# Does this plant package look good?



## Avatar~God (Oct 21, 2004)

How does this set up look to you planters out there? I really dont know much other than basics when it comes to plant names and such.

http://www.sweetaquatics.com/index.php?mai...products_id=267

I have a 150 gallon so it should work good but I'm not sure if its worth the $110.00?


----------



## Sheppard (Jul 8, 2004)

Well in comparison to buying all those plants separately at a store you are saving a ton. I think it looks pretty good. 
I'm personally not much a fan of onion plants though.

But the 20 vallisnernia will fill out the back of your setup nicely. It says 3 potted swords which im assuming are amazon swords. I guess you wont know the size of them untill you get them, but swords grow huge. I have 3 in my 180g and one of them has taken off and it's getting pretty big.

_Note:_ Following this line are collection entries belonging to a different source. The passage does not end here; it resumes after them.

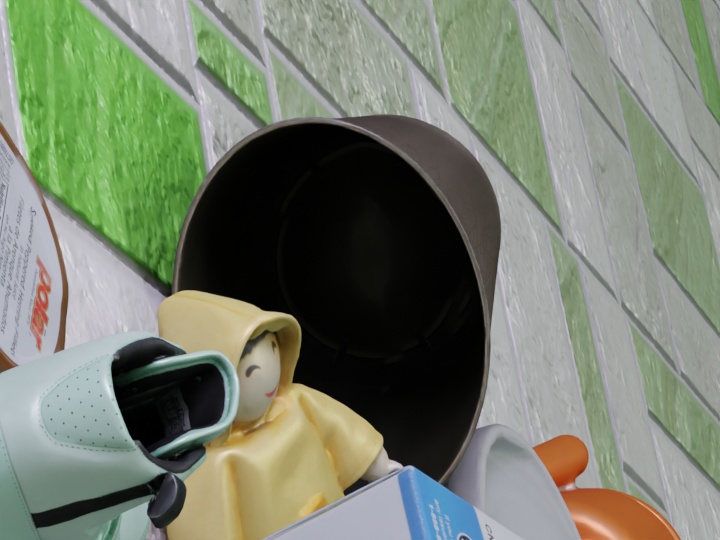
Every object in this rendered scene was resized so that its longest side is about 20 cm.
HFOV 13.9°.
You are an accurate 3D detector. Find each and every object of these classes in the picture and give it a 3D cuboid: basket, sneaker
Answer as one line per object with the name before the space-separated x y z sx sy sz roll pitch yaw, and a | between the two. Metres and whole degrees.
basket | 0.000 0.000 1.351 0.200 0.136 0.181 -62 144 -74
sneaker | -0.082 0.070 1.007 0.200 0.118 0.074 21 52 -72

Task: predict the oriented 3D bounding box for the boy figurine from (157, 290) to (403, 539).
boy figurine | -0.028 0.095 1.217 0.124 0.064 0.201 -32 114 -39

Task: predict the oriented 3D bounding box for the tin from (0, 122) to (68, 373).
tin | -0.157 -0.034 1.016 0.112 0.042 0.200 -84 153 -46

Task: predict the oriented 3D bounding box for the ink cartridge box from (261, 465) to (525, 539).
ink cartridge box | 0.055 0.185 1.152 0.200 0.084 0.145 36 32 -47

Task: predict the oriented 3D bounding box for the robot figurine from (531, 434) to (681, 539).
robot figurine | 0.116 0.173 1.581 0.144 0.117 0.200 43 10 13

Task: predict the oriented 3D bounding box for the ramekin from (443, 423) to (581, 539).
ramekin | 0.052 0.180 1.392 0.202 0.094 0.203 -17 90 -73

I'd say go for it, but before you invest in those goodies..what's your lighting situation like? do you have any plans for a c02 system to support it?


----------



## maknwar (Jul 16, 2007)

looks good, you can always email them to switch plants and stuff. I dont like Aponogeton plants in my tanks cause they get big.

What kind of planted tank you wanting? Something to show off with a bunch of species or an amazon tank or just something that looks good but easy to take care of?


----------



## Avatar~God (Oct 21, 2004)

Sheppard said:


> looks good, you can always email them to switch plants and stuff. I dont like Aponogeton plants in my tanks cause they get big.
> 
> What kind of planted tank you wanting? Something to show off with a bunch of species or an amazon tank or just something that looks good but easy to take care of?


I'm looking for something to show off, I wouldnt mind spending a couple hundred bucks but I dont want to kill them off either lol. I just plan on putting community fish in there so that should be a nice look deppending on what I get.


----------



## maknwar (Jul 16, 2007)

That package would be good for a show off tank. Email them and tell them Kyle sent you. That package includes 5 pots of foreground plants so you could get the pygmy chain sword. See how much it would cost to add some more. They might be bigger pots so you could possible not need much more.


----------



## Avatar~God (Oct 21, 2004)

maknwar said:


> That package would be good for a show off tank. Email them and tell them Kyle sent you. That package includes 5 pots of foreground plants so you could get the pygmy chain sword. See how much it would cost to add some more. They might be bigger pots so you could possible not need much more.


Alright sweet thanks, I'm going to put the order in next week. I just have to finish working on my bacement and then I'll set the tank up


----------